# Singapore phone contracts



## greeny0101 (Jul 13, 2011)

Hi, can anyone advise on the best phone contract to purchase whilst residing in Singapore and where to get it from? Also I am after a new Blackberry, are they cheaper to purchase in Singapore, I was looking at Bold if they are drastically cheaper, if not then a Curve. Where is the best place to buy one, I have read about a number of places that rip you off.


----------



## MrBean (Jul 18, 2011)

*Singtel, Starhub and M1*



greeny0101 said:


> Hi, can anyone advise on the best phone contract to purchase whilst residing in Singapore and where to get it from? Also I am after a new Blackberry, are they cheaper to purchase in Singapore, I was looking at Bold if they are drastically cheaper, if not then a Curve. Where is the best place to buy one, I have read about a number of places that rip you off.
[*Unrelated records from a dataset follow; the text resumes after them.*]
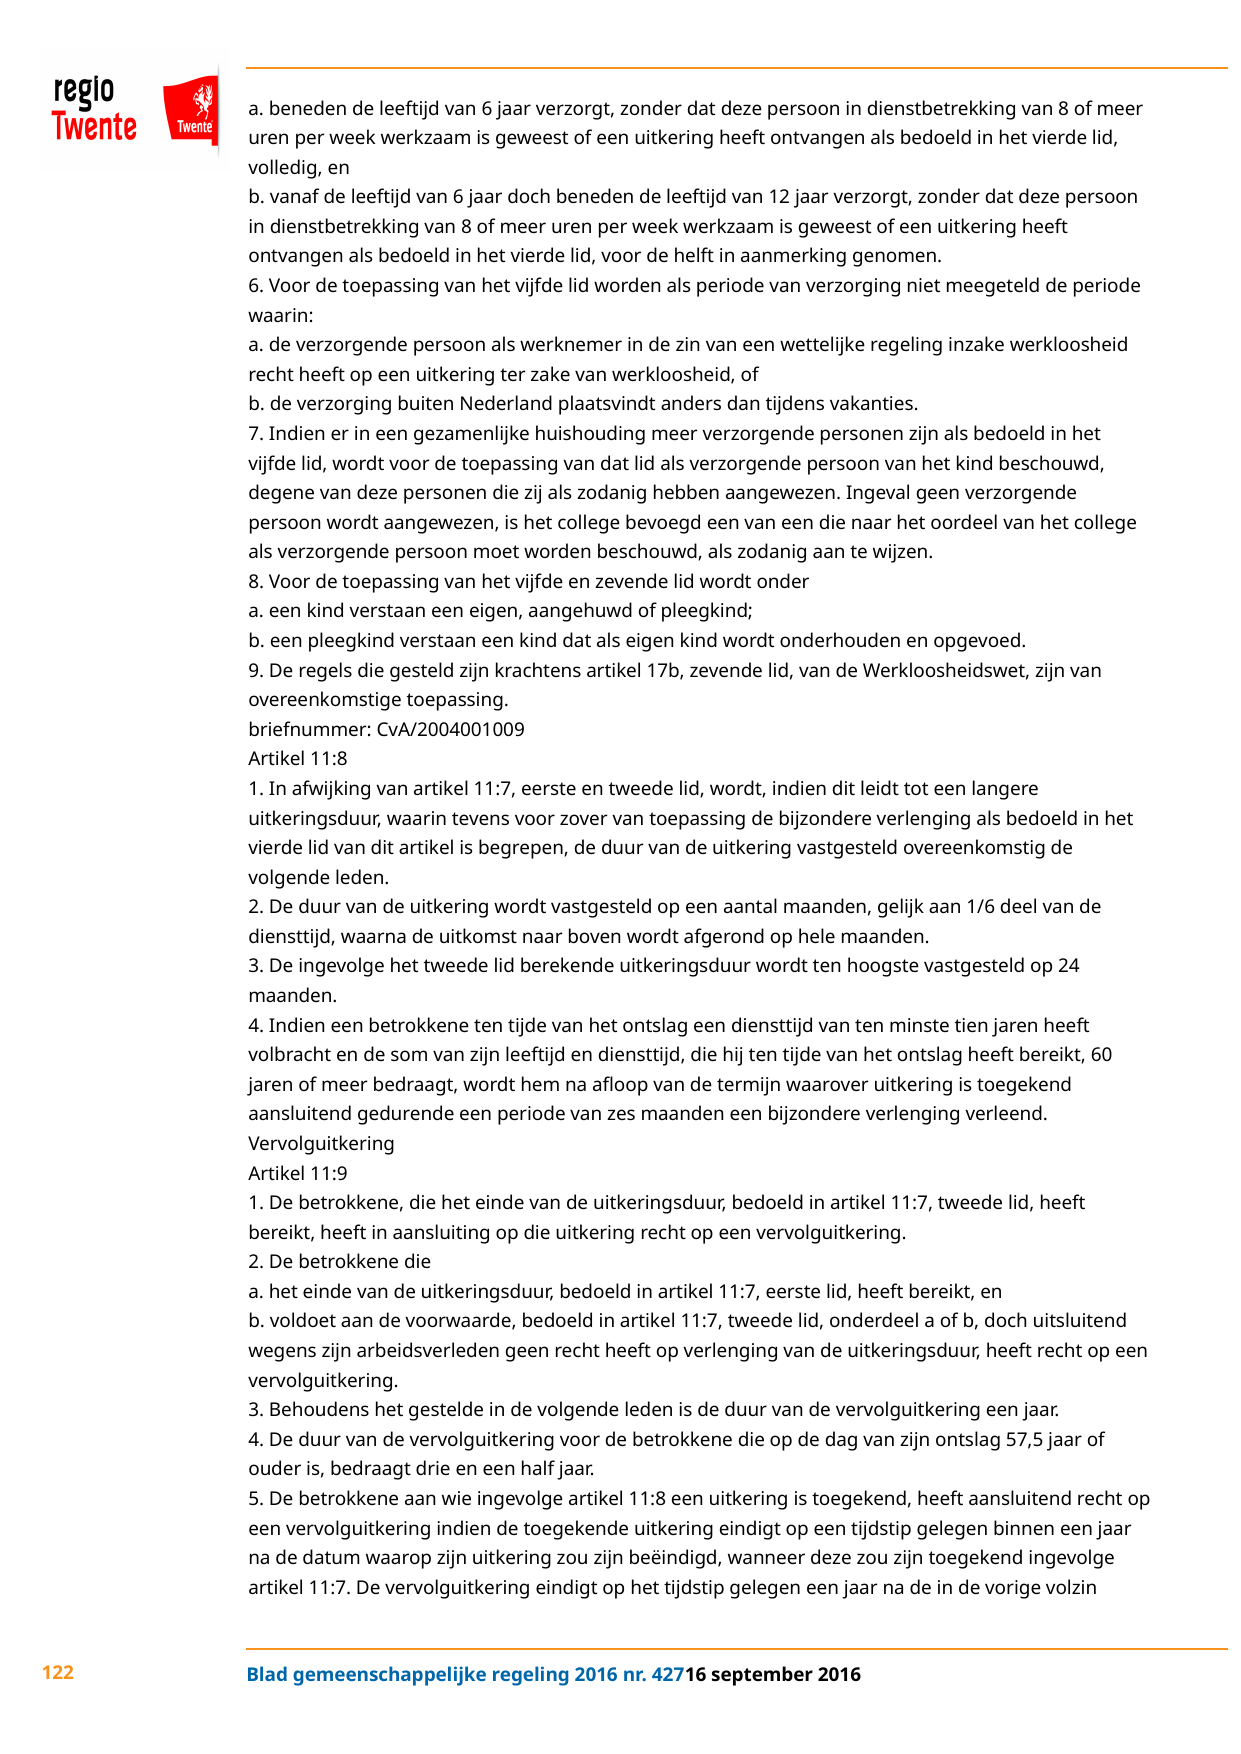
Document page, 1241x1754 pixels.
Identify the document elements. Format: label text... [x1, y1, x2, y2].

text 1. In afwijking van artikel 11:7, eerste en tweede lid, wordt, indien dit leidt tot een langere uitkeringsduur, waarin tevens voor zover van toepassing de bijzondere verlenging als bedoeld in het vierde lid van dit artikel is begrepen, de duur van de uitkering vastgesteld overeenkomstig de volgende leden. [248, 775, 1152, 890]
text 3. De ingevolge het tweede lid berekende uitkeringsduur wordt ten hoogste vastgesteld op 24 maanden. [248, 953, 1152, 1008]
picture [41, 47, 231, 172]
text briefnummer: CvA/2004001009 [248, 716, 1152, 742]
text a. beneden de leeftijd van 6 jaar verzorgt, zonder dat deze persoon in dienstbetrekking van 8 of meer uren per week werkzaam is geweest of een uitkering heeft ontvangen als bedoeld in het vierde lid, volledig, en [248, 95, 1152, 180]
text b. vanaf de leeftijd van 6 jaar doch beneden de leeftijd van 12 jaar verzorgt, zonder dat deze persoon in dienstbetrekking van 8 of meer uren per week werkzaam is geweest of een uitkering heeft ontvangen als bedoeld in het vierde lid, voor de helft in aanmerking genomen. [248, 183, 1152, 268]
text 4. De duur van de vervolguitkering voor de betrokkene die op de dag van zijn ontslag 57,5 jaar of ouder is, bedraagt drie en een half jaar. [248, 1426, 1152, 1481]
text 6. Voor de toepassing van het vijfde lid worden als periode van verzorging niet meegeteld de periode waarin: [248, 272, 1152, 328]
text 7. Indien er in een gezamenlijke huishouding meer verzorgende personen zijn als bedoeld in het vijfde lid, wordt voor de toepassing van dat lid als verzorgende persoon van het kind beschouwd, degene van deze personen die zij als zodanig hebben aangewezen. Ingeval geen verzorgende persoon wordt aangewezen, is het college bevoegd een van een die naar het oordeel van het college als verzorgende persoon moet worden beschouwd, als zodanig aan te wijzen. [248, 420, 1152, 564]
text Artikel 11:9 [248, 1160, 1152, 1186]
text b. de verzorging buiten Nederland plaatsvindt anders dan tijdens vakanties. [248, 391, 1152, 416]
text Vervolguitkering [248, 1130, 1152, 1156]
text 3. Behoudens het gestelde in de volgende leden is de duur van de vervolguitkering een jaar. [248, 1396, 1152, 1422]
text 9. De regels die gesteld zijn krachtens artikel 17b, zevende lid, van de Werkloosheidswet, zijn van overeenkomstige toepassing. [248, 657, 1152, 712]
text 2. De betrokkene die [248, 1248, 1152, 1274]
text 5. De betrokkene aan wie ingevolge artikel 11:8 een uitkering is toegekend, heeft aansluitend recht op een vervolguitkering indien de toegekende uitkering eindigt op een tijdstip gelegen binnen een jaar na de datum waarop zijn uitkering zou zijn beëindigd, wanneer deze zou zijn toegekend ingevolge artikel 11:7. De vervolguitkering eindigt op het tijdstip gelegen een jaar na de in de vorige volzin [248, 1485, 1152, 1600]
text 8. Voor de toepassing van het vijfde en zevende lid wordt onder [248, 568, 1152, 594]
text a. een kind verstaan een eigen, aangehuwd of pleegkind; [248, 598, 1152, 623]
text a. de verzorgende persoon als werknemer in de zin van een wettelijke regeling inzake werkloosheid recht heeft op een uitkering ter zake van werkloosheid, of [248, 331, 1152, 387]
text b. een pleegkind verstaan een kind dat als eigen kind wordt onderhouden en opgevoed. [248, 627, 1152, 653]
text a. het einde van de uitkeringsduur, bedoeld in artikel 11:7, eerste lid, heeft bereikt, en [248, 1278, 1152, 1304]
text Artikel 11:8 [248, 746, 1152, 771]
text b. voldoet aan de voorwaarde, bedoeld in artikel 11:7, tweede lid, onderdeel a of b, doch uitsluitend wegens zijn arbeidsverleden geen recht heeft op verlenging van de uitkeringsduur, heeft recht op een vervolguitkering. [248, 1308, 1152, 1393]
text 4. Indien een betrokkene ten tijde van het ontslag een diensttijd van ten minste tien jaren heeft volbracht en de som van zijn leeftijd en diensttijd, die hij ten tijde van het ontslag heeft bereikt, 60 jaren of meer bedraagt, wordt hem na afloop van de termijn waarover uitkering is toegekend aansluitend gedurende een periode van zes maanden een bijzondere verlenging verleend. [248, 1012, 1152, 1126]
text 2. De duur van de uitkering wordt vastgesteld op een aantal maanden, gelijk aan 1/6 deel van de diensttijd, waarna de uitkomst naar boven wordt afgerond op hele maanden. [248, 893, 1152, 949]
text 1. De betrokkene, die het einde van de uitkeringsduur, bedoeld in artikel 11:7, tweede lid, heeft bereikt, heeft in aansluiting op die uitkering recht op een vervolguitkering. [248, 1189, 1152, 1245]

try singtel, u might get good berry deal with em. U can browse their webbie known as SingtelShop, just google around cos I cant attached URL here. Try local newspaper, the Straits Times on sat as they got many offers with contracts from shops recommended by the Telco. Oh yes, if u want faster internet speed then go for M1 telco cos they just came out with their 4g service data plan, u can also browse on their website just google ard for the 3 main telco in Sg: Singtel, Starhub and M1 to compare


----------